Proof that determinant of inner product of linearly independant vectors is always positive

Question

If $x,y \: \in \:\mathbb{R}^{3}$ are two linearly independent vectors in three dimensional space, and $\langle x,y\rangle$ represents the dot product of the two vectors, then prove that \begin{align*} \begin{vmatrix} \langle x,x \rangle & \langle x,y\rangle \\ \langle y,x \rangle & \langle y,y\rangle \end{vmatrix} >0 \end{align*}

Answer 1

For two vectors this is equivalent to the Cauchy-Schwarz inequality.

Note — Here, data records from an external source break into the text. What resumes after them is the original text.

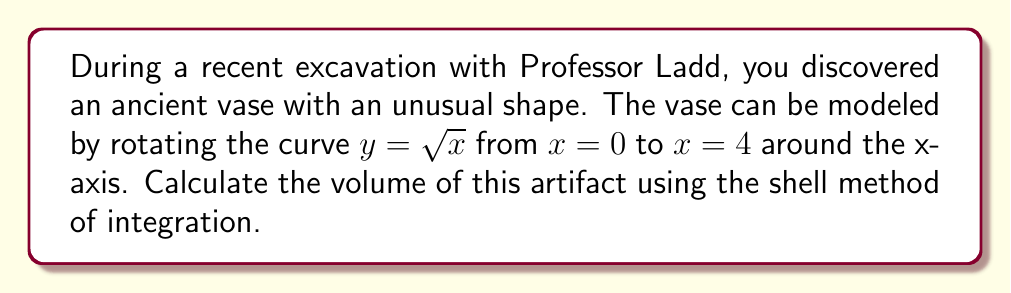Can you solve this math problem? To solve this problem, we'll use the shell method of integration. The steps are as follows:

1) The shell method formula for volume is:

   $$V = 2\pi \int_a^b y \cdot x \, dx$$

   where $y$ is the radius of each shell and $x$ is the height.

2) In this case, $y = \sqrt{x}$, $a = 0$, and $b = 4$. Substituting these into our formula:

   $$V = 2\pi \int_0^4 \sqrt{x} \cdot x \, dx$$

3) Simplify the integrand:

   $$V = 2\pi \int_0^4 x^{3/2} \, dx$$

4) Integrate:

   $$V = 2\pi \left[ \frac{2}{5}x^{5/2} \right]_0^4$$

5) Evaluate the definite integral:

   $$V = 2\pi \left( \frac{2}{5}(4)^{5/2} - \frac{2}{5}(0)^{5/2} \right)$$

6) Simplify:

   $$V = 2\pi \cdot \frac{2}{5} \cdot 4^{5/2}$$
   $$V = \frac{4\pi}{5} \cdot 32$$
   $$V = \frac{128\pi}{5} \approx 80.42$$

Therefore, the volume of the vase is $\frac{128\pi}{5}$ cubic units.
Answer: $\frac{128\pi}{5}$ cubic units

For more $k$ vectors, note that replacing them by linear combinations of themselves according to a $k\times k$ matrix $P$ (in coordinates $(xy\ldots z):=(xy\ldots z)P$) changes the Gram matrix (which is what you have before taking the determinant) $M$ into $P^\top MP$, and therefore multiplies its determinant by $\det(P)^2$. In particular if $P$ is upper uni-triangular (each vector only gets modified by a combination of vectors coming before it) then the determinant does not change. This allows performing Gram-Schmidt on the vectors, after which the Gram matrix has become diagonal. Since the diagonal entries are squared norms of the vectors after Gram-Schmidt, the determinant is obviously positive.

Since we are only interested in the sign of the Gram determinant here, we didn't really need to worry about the factor $\det(P)^2$ (as long a $P$ is invertible), and may replace the vectors by any basis whatsoever of the space they span. So we could have done without Gram-Schmidt and just choose any orthonormal basis of the span right away.

The second argument incidentally suggests an easy way to prove the Cauchy-Schwarz inequality.